Still, late Thursday after the strafing by its helicopters, the Algerian government claimed its special forces had taken control of the gas plant and insisted that only four hostages were dead.
The next morning it turned out that the standoff was still ongoing. Gradually over the next few days, the official toll rose to meet the one first set out by the militants.
In the absence of official information, including at one point Friday when the Algerian Press Service website shut down for 45 minutes and returned with no stories whatsoever on the standoff, quotes from anonymous officials proliferated. Even material carried by that official news service was often sourced to anonymous officials as the military and police kept up a veil of secrecy.

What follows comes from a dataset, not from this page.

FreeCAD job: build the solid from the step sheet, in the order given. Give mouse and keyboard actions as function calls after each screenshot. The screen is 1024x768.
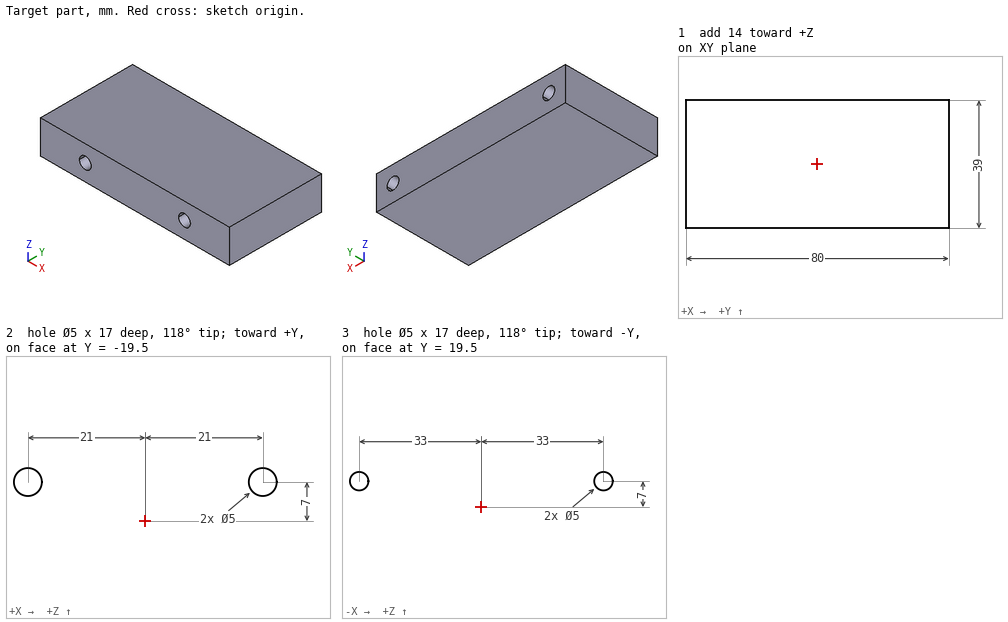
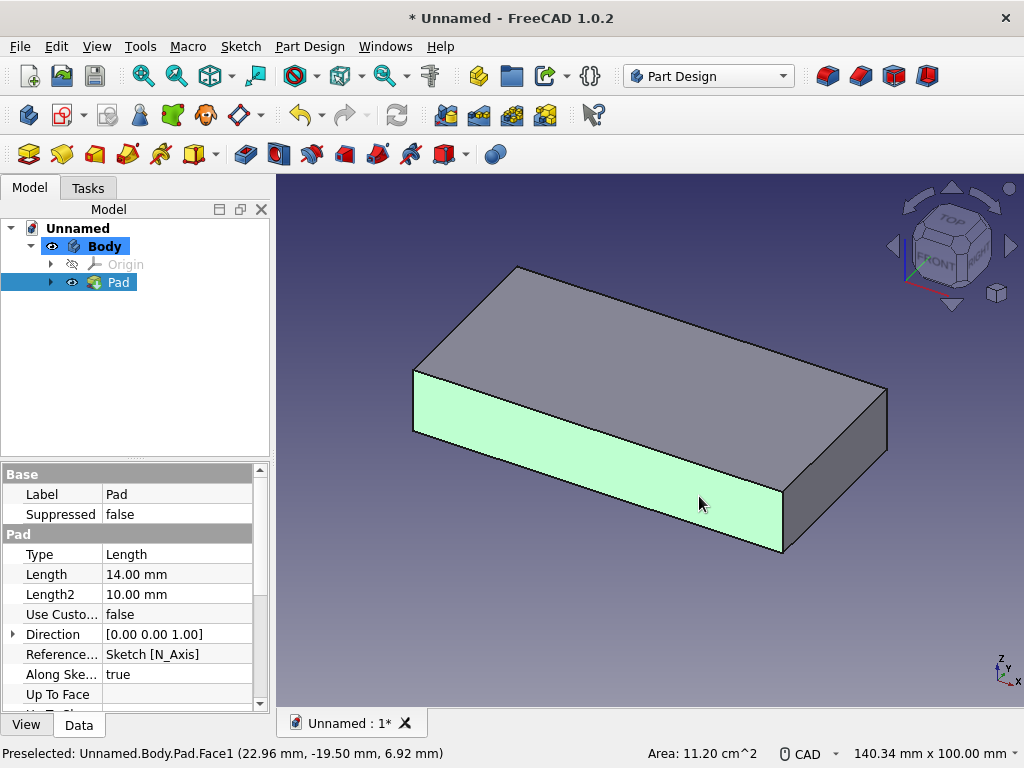
click(62, 116)

The local press was filled with assertions from anonymous officials, some of which were wildly untrue.
At one point, an anonymous official confirmed Sunday that 25 burnt bodies had been discovered. That meant, when added to the official toll, more than 80 people were dead in the attack. Yet the final amount the next day was just 66 — and it was not clear where the extra bodies had disappeared to.
One area in which there was a zone of silence was the question of any possible Algerian army casualties in the chaotic, four-day fight against an enemy armed with heavy machine guns, missiles and mortars.
It wasn't until Wednesday, four days after the fighting had ended, that Algeria's Ministry of Defense issued a curt statement saying that "contrary to insinuations" regarding casualties, only eight soldiers had minor wounds.
"Algeria has nothing to hide and we opted for total transparency in communicating all information on this matter as soon as it was available," a member of the prime minister's office told the AP on Tuesday.
He insisted, however, on speaking on condition of anonymity, because he said he wasn't authorized to talk to the press.